Young Adults Putting Their Dreams Aside
From SFGate:
Dos Palos, Merced County — Dos Palos, Merced County —
A Salvadoran flag wrapped around his neck to block out the sun, Geremias Romero hunches low to the ground alongside the other laborers, following the tractor along rows of cantaloupes.
He reaches into the leafy green rows of fruit, touches a melon to gauge its ripeness, and then tosses it into a cart, where another laborer boxes it. Walk, pick, toss. The pattern goes on all morning.
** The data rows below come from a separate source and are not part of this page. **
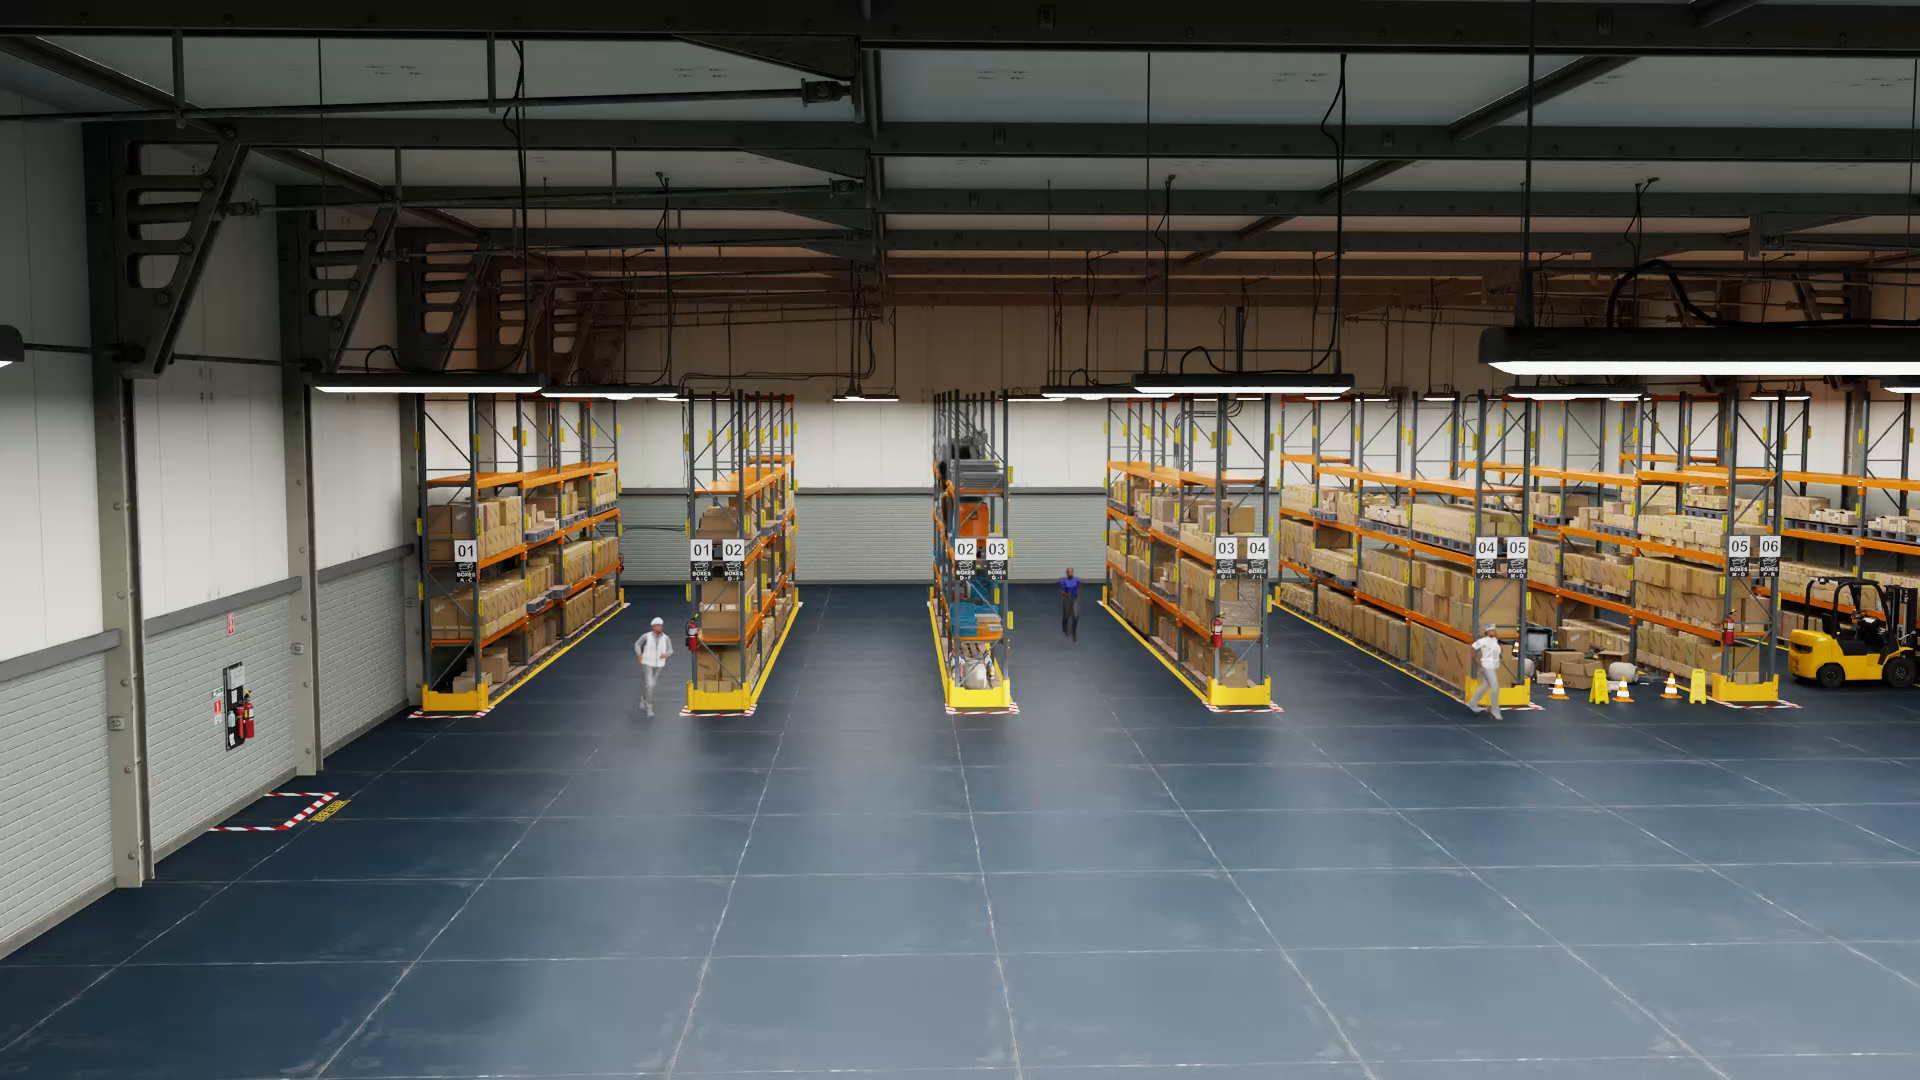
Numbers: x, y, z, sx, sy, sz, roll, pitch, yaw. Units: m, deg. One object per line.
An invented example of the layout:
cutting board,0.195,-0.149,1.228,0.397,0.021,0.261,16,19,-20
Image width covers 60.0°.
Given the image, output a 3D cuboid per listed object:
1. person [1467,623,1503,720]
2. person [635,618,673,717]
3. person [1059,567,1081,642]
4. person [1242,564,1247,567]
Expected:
person,9.729,2.396,30.580,0.738,1.764,0.621,4,6,41
person,-5.660,2.333,30.859,0.646,1.790,0.810,-3,5,-32
person,2.589,1.504,39.056,0.576,1.733,0.722,-1,5,-7
person,8.124,0.930,48.438,0.728,1.690,0.745,4,6,41
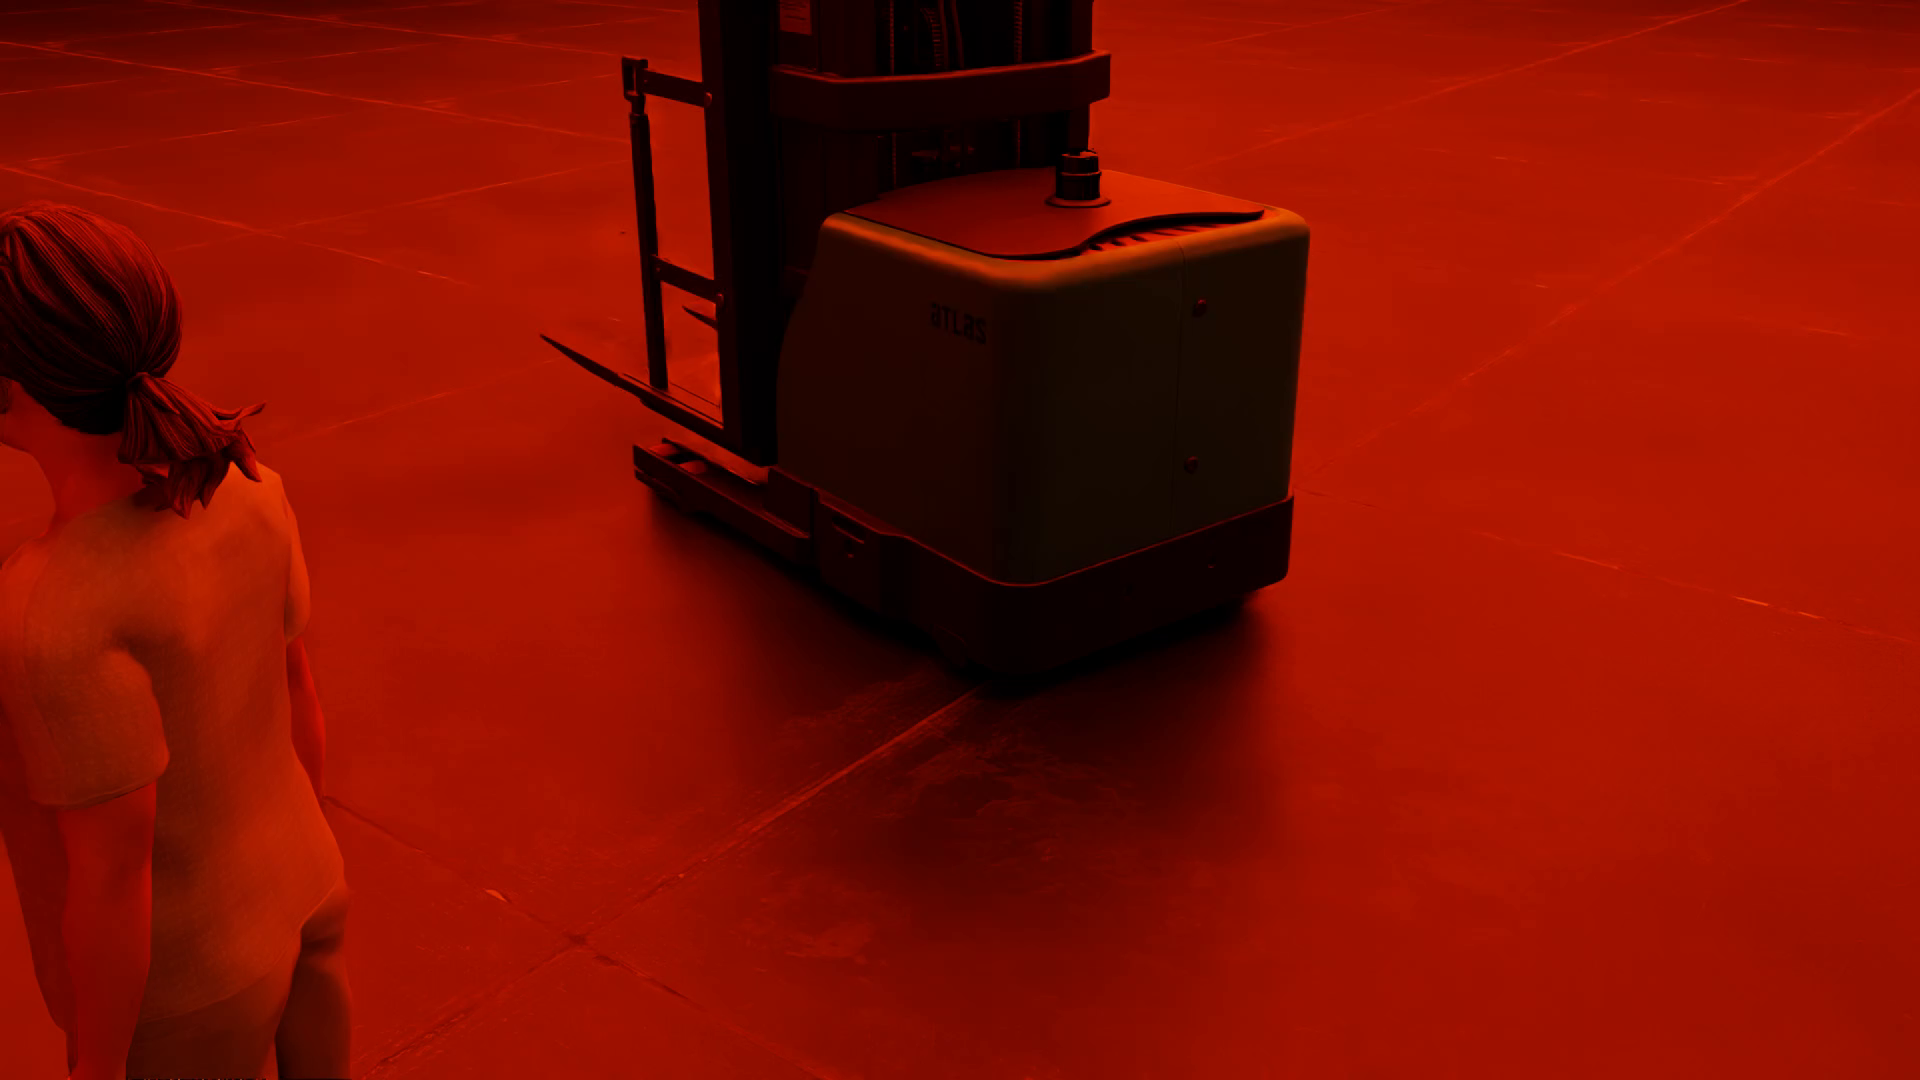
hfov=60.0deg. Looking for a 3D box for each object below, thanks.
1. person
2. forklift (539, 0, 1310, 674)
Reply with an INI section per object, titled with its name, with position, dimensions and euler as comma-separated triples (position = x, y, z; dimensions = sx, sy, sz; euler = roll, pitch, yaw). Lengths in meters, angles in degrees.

Harvesting cantaloupes for $8.25 an hour isn’t the job that Romero, 28, dreamed of as a child. Born in Newark, N.J., to immigrant parents from El Salvador, he graduated from high school and has taken classes at the Art Institute of Philadelphia and Merced Community College. He has experience as a special education teacher but, unable to find a teaching job, he’s started working in the fields.
Hard work is OK
“I’d rather keep myself working than get in trouble,” he said, wiping his hands on his ripped jeans, stained with grass. “My dad started from nothing. He worked hard, so I don’t mind working hard, too.”Many young Americans are finding themselves worse off than their parents were at their age, without jobs or working below their skill and education levels. The unemployment rate for 16- to 24-year-olds is 17.4 percent, up from 10.6 percent in 2006.